Faktenchecker Andre Wolf nennt die aktuelle Desinformations-Kampagne eine "straff durchdachte Propaganda-Aktion".
Quelle: imago
In einer riesigen Desinformations-Kampagne verbreiten täuschend echt nachgemachte Medienseiten pro-russische Propaganda, hunderte Fake-Accounts teilen sie massenhaft in Sozialen Medien. Tenor: Die Sanktionen gegen Russland müssten aufhören, sonst werde Deutschland verarmen, es drohe Hunger, Menschen könnten im Winter erfrieren, die Wirtschaft kollabieren.

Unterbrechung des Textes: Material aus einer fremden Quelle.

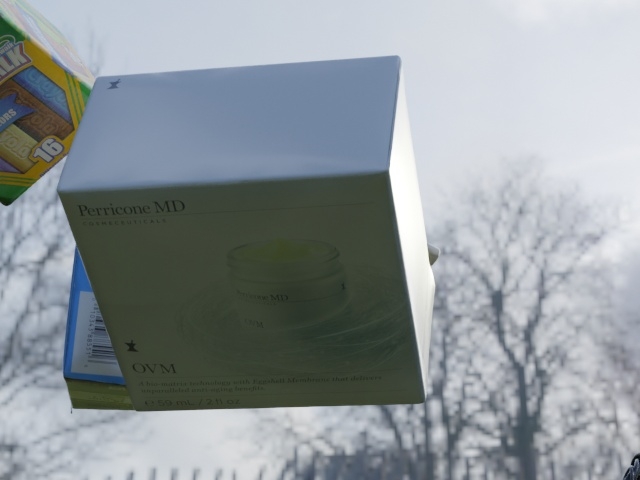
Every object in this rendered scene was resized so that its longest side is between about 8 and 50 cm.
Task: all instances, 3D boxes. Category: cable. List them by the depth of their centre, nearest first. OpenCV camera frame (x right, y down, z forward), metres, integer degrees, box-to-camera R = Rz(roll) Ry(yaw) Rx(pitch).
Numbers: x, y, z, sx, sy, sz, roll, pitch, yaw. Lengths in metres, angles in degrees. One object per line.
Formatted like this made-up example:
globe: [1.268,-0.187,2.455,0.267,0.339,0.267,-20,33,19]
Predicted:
cable: [0.415,0.374,2.088,0.150,0.047,0.184,-37,-22,-19]

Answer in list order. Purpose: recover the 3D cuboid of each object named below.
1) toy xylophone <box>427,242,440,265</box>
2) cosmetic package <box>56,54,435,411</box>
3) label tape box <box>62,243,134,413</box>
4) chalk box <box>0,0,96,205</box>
toy xylophone: [0.000,0.000,1.755,0.323,0.081,0.236,31,-16,-14]
cosmetic package: [-0.042,0.000,1.055,0.224,0.138,0.224,-3,-50,11]
label tape box: [-0.293,0.109,2.055,0.106,0.240,0.333,6,-15,-6]
chalk box: [-0.296,-0.150,1.200,0.132,0.132,0.213,-40,-35,5]
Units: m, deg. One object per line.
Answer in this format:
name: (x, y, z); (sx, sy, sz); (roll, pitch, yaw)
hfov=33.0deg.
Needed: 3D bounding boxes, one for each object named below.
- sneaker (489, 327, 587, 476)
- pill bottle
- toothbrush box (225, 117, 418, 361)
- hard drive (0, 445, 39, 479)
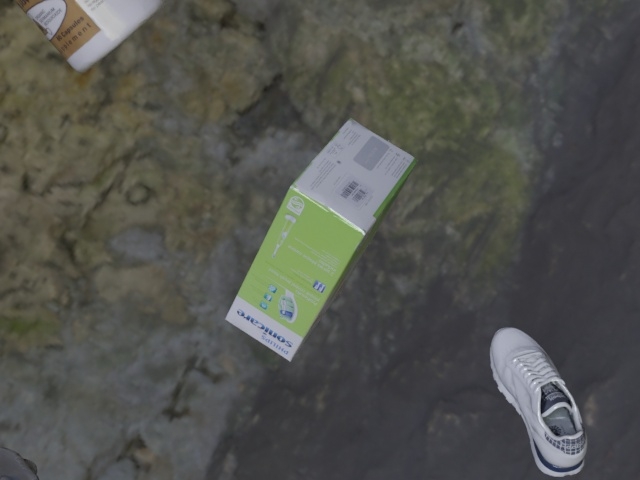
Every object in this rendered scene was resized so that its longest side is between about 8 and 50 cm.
sneaker: (0.302, 0.202, 1.477); (0.095, 0.090, 0.235); (80, 169, -50)
pill bottle: (-0.286, -0.307, 1.165); (0.131, 0.229, 0.131); (-37, 15, 12)
toothbrush box: (0.000, 0.000, 1.536); (0.206, 0.122, 0.283); (-52, -6, -49)
hard drive: (-0.268, 0.215, 0.605); (0.064, 0.237, 0.339); (-50, 30, 15)

Social-Media-Experte Andre Wolf vom Verein "Mimikama" aus Österreich entlarvt mit seinem Team seit über zehn Jahren Fake News. Für ihn ist die Kampagne bisher einzigartig: So viele, so gut gemachte Fälschungen von Medienwebseiten seien ihm noch nicht untergekommen, erklärt er im Interview mit ZDFheute.
ZDFheute: Dass bekannte Medienmarken imitiert werden, um Fake News zu verbreiten, ist kein neues Phänomen. Was ist das Besondere an der aktuellen Desinformationskampagne?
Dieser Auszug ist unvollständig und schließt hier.